Information Security Specialist (AI/LegalTech)

TL;DR

Information Security Specialist (AI/LegalTech): Shaping, driving, and scaling governance, risk, and compliance programs within an AI-native legal tech environment with an accent on maintaining ISO 27001, SOC 2 Type II, and ISO 42001 compliance while enabling business agility. Focus on managing the Information Security Management System, conducting risk assessments, coordinating audits, and advising internal and external stakeholders on security risks, especially in modern tech stacks and AI workflows.

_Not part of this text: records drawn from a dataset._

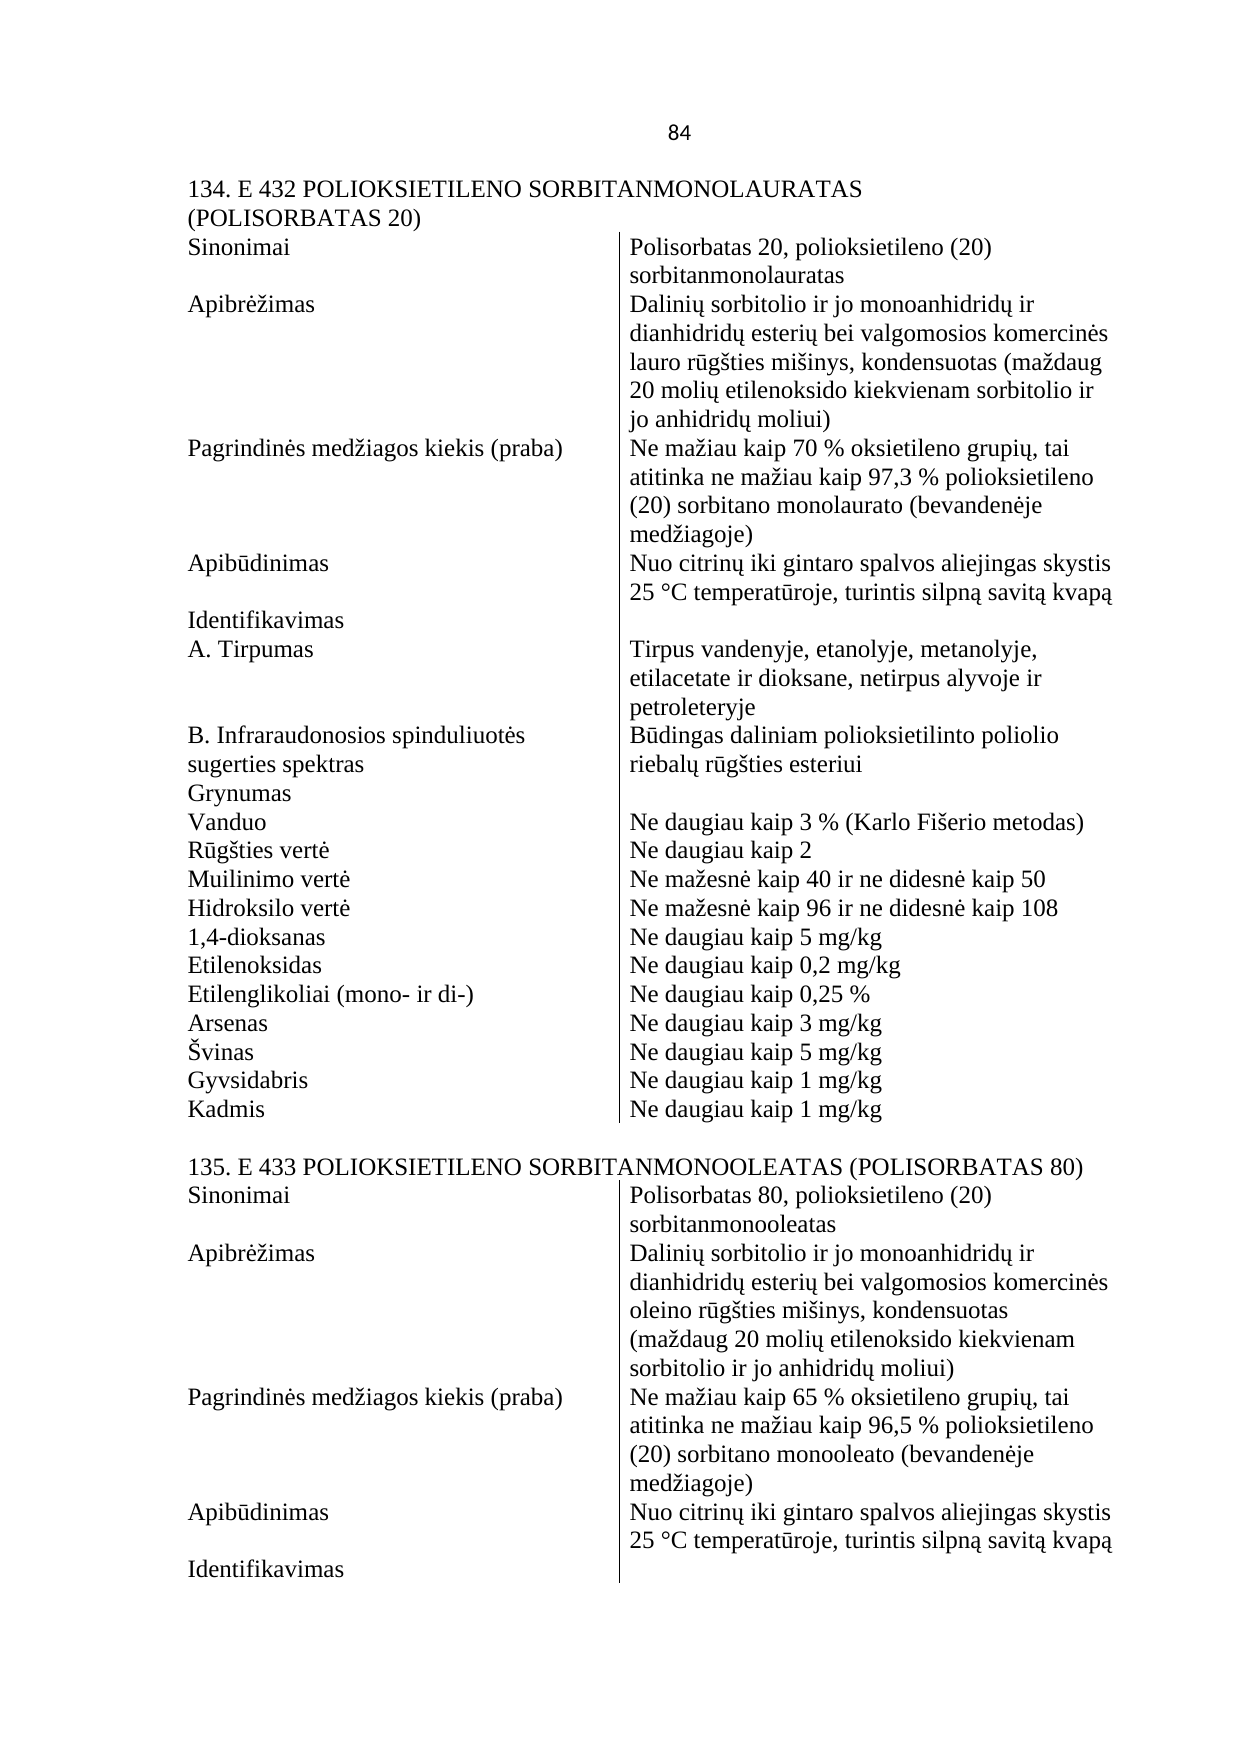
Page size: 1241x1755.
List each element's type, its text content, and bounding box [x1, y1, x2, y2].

table_cell Ne mažiau kaip 70 % oksietileno grupių, tai atitinka ne mažiau kaip 97,3 % polioksietileno (20) sorbitano monolaurato (bevandenėje medžiagoje) [620, 433, 1122, 548]
table_cell Apibūdinimas [177, 1497, 619, 1554]
table_cell Ne daugiau kaip 0,2 mg/kg [620, 950, 1122, 979]
table_cell Vanduo [177, 807, 619, 835]
table_cell Dalinių sorbitolio ir jo monoanhidridų ir dianhidridų esterių bei valgomosios komercinės oleino rūgšties mišinys, kondensuotas (maždaug 20 molių etilenoksido kiekvienam sorbitolio ir jo anhidridų moliui) [620, 1238, 1122, 1382]
table_cell Ne daugiau kaip 1 mg/kg [620, 1065, 1122, 1094]
table_cell Ne daugiau kaip 3 mg/kg [620, 1008, 1122, 1037]
table_cell [620, 778, 1122, 807]
table_cell Sinonimai [177, 1180, 619, 1238]
table_cell [620, 605, 1122, 634]
table_cell [620, 1554, 1122, 1583]
table_cell Hidroksilo vertė [177, 893, 619, 922]
table_cell Ne daugiau kaip 5 mg/kg [620, 1037, 1122, 1065]
table_cell Švinas [177, 1037, 619, 1065]
table_cell Ne mažesnė kaip 96 ir ne didesnė kaip 108 [620, 893, 1122, 922]
table_cell Ne daugiau kaip 3 % (Karlo Fišerio metodas) [620, 807, 1122, 835]
table_cell Ne mažesnė kaip 40 ir ne didesnė kaip 50 [620, 864, 1122, 893]
table_cell B. Infraraudonosios spinduliuotės sugerties spektras [177, 720, 619, 778]
table_cell Nuo citrinų iki gintaro spalvos aliejingas skystis 25 °C temperatūroje, turintis silpną savitą kvapą [620, 548, 1122, 605]
table_cell Pagrindinės medžiagos kiekis (praba) [177, 1382, 619, 1497]
table_cell Arsenas [177, 1008, 619, 1037]
table_cell Ne daugiau kaip 5 mg/kg [620, 922, 1122, 950]
table_cell A. Tirpumas [177, 634, 619, 720]
table_cell Kadmis [177, 1094, 619, 1123]
table_cell Polisorbatas 80, polioksietileno (20) sorbitanmonooleatas [620, 1180, 1122, 1238]
table_cell Būdingas daliniam polioksietilinto poliolio riebalų rūgšties esteriui [620, 720, 1122, 778]
table_cell Ne daugiau kaip 0,25 % [620, 979, 1122, 1008]
table_cell Etilenglikoliai (mono- ir di-) [177, 979, 619, 1008]
table_cell Etilenoksidas [177, 950, 619, 979]
table_header 134. E 432 POLIOKSIETILENO SORBITANMONOLAURATAS (POLISORBATAS 20) [177, 174, 1122, 232]
table_cell Pagrindinės medžiagos kiekis (praba) [177, 433, 619, 548]
table_cell Identifikavimas [177, 605, 619, 634]
table_cell Ne daugiau kaip 1 mg/kg [620, 1094, 1122, 1123]
table_header 135. E 433 POLIOKSIETILENO SORBITANMONOOLEATAS (POLISORBATAS 80) [177, 1152, 1122, 1180]
table_cell Rūgšties vertė [177, 835, 619, 864]
table_cell Tirpus vandenyje, etanolyje, metanolyje, etilacetate ir dioksane, netirpus alyvoje ir petroleteryje [620, 634, 1122, 720]
table_cell Dalinių sorbitolio ir jo monoanhidridų ir dianhidridų esterių bei valgomosios komercinės lauro rūgšties mišinys, kondensuotas (maždaug 20 molių etilenoksido kiekvienam sorbitolio ir jo anhidridų moliui) [620, 289, 1122, 433]
table_cell Apibrėžimas [177, 289, 619, 433]
table_cell Grynumas [177, 778, 619, 807]
table_cell Apibūdinimas [177, 548, 619, 605]
table_cell Identifikavimas [177, 1554, 619, 1583]
table_cell Ne daugiau kaip 2 [620, 835, 1122, 864]
table_cell Sinonimai [177, 232, 619, 289]
table_cell Nuo citrinų iki gintaro spalvos aliejingas skystis 25 °C temperatūroje, turintis silpną savitą kvapą [620, 1497, 1122, 1554]
table_cell Gyvsidabris [177, 1065, 619, 1094]
table_cell Polisorbatas 20, polioksietileno (20) sorbitanmonolauratas [620, 232, 1122, 289]
table_cell 1,4-dioksanas [177, 922, 619, 950]
table_cell Ne mažiau kaip 65 % oksietileno grupių, tai atitinka ne mažiau kaip 96,5 % polioksietileno (20) sorbitano monooleato (bevandenėje medžiagoje) [620, 1382, 1122, 1497]
table_cell Apibrėžimas [177, 1238, 619, 1382]
table_cell Muilinimo vertė [177, 864, 619, 893]

Location: Must be based in the United States due to US-specific benefits and legal requirements.

Salary: $170,000–$250,000 USD

Company

hirify.global is an AI-native legal tech company redefining legal work by empowering professionals with intelligent tools and trusted by global firms in over 40 countries.

What you will do

• Own and maintain the Information Security Management System (ISMS) for ISO 27001 and ISO 42001.
• Lead compliance efforts for SOC 2 Type II and support SOX ITGC readiness, mapping processes and establishing IT controls.
• Develop and maintain information security policies aligned with GDPR, ISO 27001, SOC 2, and ISO 42001.
• Conduct regular risk assessments, threat modeling, and gap analyses to prioritize remediation.
• Coordinate internal/external audits, penetration tests, and manage vendor risk through security reviews.
• Act as primary contact for client security questionnaires and support secure AI governance.

Requirements

• 9+ years of experience in GRC, information security, compliance, or audit roles, or as an experienced software engineer transitioning to InfoSec.
• Hands-on experience implementing compliance programs for ISO 27001, SOC 2 Type II, SOX ITGC, NIST 800-53.
• Knowledge of governance frameworks, risk management, and data protection regulations (GDPR, CCPA, ISO 42001).
• Understanding of Zero Trust principles and OWASP Top 10 risks.
• Ability to engage with technical teams on cloud security (Azure), infrastructure-as-code, and AI system security.
• Strong analytical, organizational, and communication skills for technical and non-technical audiences.
• Work authorization in the United States is required.

Nice to have

• Certifications like CISSP, CISM, CISA, or ISO 27001 Lead Auditor.
• Experience with securing AI/ML workflows and building automation with GenAI tools (e.g., Zapier, n8n).

Culture & Benefits

• Comprehensive medical, dental, and vision plans (Aetna, Kaiser Permanente, MetLife, VSP Vision Care).
• Family support including generous parental leave, Maven Clinic, Dependent Care FSA, and One Medical membership.
• 401(K) with generous company match.
• Unlimited PTO and robust voluntary benefits including identity protection and legal coverage.
• Commitment to diversity, equity, and inclusion as an Equal Opportunity Employer.